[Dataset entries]

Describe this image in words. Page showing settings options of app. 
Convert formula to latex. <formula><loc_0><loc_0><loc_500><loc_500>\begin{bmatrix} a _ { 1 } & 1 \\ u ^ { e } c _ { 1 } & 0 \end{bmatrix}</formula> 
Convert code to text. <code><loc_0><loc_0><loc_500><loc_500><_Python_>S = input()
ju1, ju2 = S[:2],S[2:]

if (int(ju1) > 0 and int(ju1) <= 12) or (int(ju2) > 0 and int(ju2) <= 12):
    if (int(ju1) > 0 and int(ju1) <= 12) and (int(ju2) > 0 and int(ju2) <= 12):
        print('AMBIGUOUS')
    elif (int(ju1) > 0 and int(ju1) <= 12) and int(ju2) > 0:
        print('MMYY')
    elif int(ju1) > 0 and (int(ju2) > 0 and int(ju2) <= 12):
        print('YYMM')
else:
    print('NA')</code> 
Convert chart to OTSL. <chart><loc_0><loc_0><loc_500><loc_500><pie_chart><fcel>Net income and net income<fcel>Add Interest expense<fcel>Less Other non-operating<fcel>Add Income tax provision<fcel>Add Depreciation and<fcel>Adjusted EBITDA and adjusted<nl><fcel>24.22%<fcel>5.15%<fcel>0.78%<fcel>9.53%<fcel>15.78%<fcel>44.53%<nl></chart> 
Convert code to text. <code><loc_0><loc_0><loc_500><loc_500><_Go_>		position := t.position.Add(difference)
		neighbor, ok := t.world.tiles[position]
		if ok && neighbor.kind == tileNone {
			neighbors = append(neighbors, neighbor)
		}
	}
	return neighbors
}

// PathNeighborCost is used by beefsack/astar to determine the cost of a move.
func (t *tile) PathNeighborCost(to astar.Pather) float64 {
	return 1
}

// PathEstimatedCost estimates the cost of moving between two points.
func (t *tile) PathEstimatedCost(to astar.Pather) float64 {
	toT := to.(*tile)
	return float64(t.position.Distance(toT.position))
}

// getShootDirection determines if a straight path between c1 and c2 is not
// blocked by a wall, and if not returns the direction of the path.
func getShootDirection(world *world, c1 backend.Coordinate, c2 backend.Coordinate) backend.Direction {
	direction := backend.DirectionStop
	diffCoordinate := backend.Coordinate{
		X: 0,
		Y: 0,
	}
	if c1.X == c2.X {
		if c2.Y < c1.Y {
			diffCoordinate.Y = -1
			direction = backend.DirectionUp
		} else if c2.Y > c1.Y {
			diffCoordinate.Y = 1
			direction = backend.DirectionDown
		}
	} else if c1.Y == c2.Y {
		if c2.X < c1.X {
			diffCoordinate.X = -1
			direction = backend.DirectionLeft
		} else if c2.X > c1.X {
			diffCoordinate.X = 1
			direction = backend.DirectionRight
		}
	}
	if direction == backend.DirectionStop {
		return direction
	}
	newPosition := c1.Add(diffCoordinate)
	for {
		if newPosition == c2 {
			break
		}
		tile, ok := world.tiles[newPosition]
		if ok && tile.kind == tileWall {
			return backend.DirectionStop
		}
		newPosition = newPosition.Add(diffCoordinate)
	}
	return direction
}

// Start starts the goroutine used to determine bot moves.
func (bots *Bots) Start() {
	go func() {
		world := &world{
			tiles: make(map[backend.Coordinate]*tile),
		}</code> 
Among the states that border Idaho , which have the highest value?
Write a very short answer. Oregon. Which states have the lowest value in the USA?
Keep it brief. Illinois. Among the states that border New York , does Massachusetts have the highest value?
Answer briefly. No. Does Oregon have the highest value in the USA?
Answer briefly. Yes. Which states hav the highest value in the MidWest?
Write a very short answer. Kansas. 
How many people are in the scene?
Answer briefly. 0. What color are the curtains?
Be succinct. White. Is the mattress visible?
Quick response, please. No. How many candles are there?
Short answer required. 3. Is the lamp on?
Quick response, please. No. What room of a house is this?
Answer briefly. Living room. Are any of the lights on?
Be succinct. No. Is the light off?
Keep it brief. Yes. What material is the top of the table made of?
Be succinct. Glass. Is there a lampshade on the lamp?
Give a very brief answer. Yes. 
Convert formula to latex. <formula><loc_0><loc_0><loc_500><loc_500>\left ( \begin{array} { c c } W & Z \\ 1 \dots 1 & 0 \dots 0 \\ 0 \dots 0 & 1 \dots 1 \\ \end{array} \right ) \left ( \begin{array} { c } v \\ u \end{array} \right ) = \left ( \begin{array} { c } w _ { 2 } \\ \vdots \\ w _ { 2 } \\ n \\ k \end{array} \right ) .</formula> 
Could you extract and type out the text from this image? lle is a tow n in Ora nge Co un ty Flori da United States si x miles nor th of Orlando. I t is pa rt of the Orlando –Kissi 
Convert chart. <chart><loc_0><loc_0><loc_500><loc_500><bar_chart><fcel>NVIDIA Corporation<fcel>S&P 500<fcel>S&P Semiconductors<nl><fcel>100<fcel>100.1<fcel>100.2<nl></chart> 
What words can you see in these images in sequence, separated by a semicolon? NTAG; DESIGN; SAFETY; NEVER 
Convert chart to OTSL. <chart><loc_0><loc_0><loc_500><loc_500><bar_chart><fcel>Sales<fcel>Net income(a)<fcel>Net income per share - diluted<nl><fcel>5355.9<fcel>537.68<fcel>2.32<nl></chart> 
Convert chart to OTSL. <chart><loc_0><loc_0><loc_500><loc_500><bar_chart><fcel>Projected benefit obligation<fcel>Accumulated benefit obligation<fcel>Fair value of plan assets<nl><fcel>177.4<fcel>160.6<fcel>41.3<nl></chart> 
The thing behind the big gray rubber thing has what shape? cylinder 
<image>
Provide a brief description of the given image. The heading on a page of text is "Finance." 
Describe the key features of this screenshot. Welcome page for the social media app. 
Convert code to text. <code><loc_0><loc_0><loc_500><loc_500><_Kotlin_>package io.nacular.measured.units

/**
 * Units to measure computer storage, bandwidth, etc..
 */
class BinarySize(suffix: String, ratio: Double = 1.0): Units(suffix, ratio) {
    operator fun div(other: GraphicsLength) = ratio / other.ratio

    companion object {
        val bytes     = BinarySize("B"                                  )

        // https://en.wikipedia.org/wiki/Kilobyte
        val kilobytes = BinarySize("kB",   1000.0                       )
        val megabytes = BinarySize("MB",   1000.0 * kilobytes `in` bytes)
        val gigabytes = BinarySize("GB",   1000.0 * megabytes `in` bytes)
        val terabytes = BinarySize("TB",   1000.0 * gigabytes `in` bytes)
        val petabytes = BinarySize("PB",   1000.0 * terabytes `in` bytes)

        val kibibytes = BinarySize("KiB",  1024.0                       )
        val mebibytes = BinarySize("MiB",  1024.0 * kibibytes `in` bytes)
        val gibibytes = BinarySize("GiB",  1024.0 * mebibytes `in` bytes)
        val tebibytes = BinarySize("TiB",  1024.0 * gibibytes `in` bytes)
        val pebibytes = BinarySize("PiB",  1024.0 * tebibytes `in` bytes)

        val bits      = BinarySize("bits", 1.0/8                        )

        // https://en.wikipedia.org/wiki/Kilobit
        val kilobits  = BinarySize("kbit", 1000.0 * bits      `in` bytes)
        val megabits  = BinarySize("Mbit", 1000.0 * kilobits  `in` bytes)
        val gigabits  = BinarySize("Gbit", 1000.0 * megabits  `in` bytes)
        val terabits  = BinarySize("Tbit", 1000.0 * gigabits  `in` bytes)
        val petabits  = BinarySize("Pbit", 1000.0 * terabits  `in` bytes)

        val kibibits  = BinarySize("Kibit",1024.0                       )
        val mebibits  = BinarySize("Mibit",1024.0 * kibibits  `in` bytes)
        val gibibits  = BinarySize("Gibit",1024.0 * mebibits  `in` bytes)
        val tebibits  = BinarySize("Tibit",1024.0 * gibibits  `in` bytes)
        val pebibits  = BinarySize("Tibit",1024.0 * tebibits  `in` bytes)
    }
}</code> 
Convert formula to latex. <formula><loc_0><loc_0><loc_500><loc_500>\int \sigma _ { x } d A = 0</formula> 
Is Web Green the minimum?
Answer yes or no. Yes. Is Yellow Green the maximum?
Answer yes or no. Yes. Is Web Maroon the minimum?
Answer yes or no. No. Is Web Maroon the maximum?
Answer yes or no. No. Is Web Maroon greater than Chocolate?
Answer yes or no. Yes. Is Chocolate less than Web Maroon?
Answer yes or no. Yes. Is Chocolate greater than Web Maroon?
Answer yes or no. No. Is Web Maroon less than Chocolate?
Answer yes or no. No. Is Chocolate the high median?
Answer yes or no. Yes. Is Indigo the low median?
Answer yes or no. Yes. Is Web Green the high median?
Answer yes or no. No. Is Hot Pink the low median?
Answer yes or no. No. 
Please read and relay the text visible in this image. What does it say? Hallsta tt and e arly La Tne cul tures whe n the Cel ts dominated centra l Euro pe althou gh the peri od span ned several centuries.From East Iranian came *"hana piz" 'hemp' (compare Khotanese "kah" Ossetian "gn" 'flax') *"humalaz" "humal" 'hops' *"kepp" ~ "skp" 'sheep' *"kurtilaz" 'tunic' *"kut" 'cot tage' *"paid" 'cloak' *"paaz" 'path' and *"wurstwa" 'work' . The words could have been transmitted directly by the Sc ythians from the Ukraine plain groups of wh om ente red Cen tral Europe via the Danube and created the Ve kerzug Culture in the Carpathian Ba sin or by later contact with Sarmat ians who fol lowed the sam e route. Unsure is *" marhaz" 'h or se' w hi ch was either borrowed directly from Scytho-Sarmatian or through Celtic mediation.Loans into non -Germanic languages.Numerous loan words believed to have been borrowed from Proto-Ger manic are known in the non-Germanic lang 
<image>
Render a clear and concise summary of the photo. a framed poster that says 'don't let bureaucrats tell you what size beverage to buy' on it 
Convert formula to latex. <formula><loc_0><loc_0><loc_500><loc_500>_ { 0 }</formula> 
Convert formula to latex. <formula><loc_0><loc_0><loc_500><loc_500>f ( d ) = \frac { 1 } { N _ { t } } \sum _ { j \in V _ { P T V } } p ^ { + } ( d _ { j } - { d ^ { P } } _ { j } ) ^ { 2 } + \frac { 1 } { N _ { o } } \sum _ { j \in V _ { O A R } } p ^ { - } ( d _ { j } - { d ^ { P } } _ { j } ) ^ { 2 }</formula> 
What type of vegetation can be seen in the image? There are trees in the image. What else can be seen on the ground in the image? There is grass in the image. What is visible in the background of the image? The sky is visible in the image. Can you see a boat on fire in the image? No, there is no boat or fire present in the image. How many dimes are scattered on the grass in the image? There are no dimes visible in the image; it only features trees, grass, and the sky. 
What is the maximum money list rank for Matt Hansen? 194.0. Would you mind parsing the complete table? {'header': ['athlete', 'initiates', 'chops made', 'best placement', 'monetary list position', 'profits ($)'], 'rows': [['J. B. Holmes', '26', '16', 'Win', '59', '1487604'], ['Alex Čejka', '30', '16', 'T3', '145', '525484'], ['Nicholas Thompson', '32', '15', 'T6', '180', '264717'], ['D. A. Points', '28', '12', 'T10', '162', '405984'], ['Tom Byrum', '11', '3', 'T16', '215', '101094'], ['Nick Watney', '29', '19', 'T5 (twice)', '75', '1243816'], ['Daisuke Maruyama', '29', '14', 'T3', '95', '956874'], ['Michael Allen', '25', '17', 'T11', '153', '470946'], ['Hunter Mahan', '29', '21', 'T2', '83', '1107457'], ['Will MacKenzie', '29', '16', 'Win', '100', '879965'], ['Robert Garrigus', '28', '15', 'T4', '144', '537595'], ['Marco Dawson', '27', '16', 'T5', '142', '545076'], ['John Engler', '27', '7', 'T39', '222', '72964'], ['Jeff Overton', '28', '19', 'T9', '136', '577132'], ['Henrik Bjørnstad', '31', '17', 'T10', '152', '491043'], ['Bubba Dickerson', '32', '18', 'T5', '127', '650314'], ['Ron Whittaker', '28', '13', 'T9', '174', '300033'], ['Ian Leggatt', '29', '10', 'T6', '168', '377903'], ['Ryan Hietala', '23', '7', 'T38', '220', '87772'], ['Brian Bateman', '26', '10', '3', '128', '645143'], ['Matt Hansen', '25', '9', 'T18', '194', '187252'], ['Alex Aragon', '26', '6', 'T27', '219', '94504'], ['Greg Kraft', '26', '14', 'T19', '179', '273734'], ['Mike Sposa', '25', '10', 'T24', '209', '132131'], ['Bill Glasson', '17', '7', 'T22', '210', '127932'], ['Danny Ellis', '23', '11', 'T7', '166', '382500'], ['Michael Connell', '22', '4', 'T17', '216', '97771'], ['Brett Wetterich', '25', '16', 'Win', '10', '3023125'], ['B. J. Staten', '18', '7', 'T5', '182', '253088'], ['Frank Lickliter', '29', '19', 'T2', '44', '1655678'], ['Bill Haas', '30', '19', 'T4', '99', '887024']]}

> TASK GOAL
The lines above that hold "wiki" are the result; show every one of them.

> TASK RESULT
        // https://en.wikipedia.org/wiki/Kilobyte
        // https://en.wikipedia.org/wiki/Kilobit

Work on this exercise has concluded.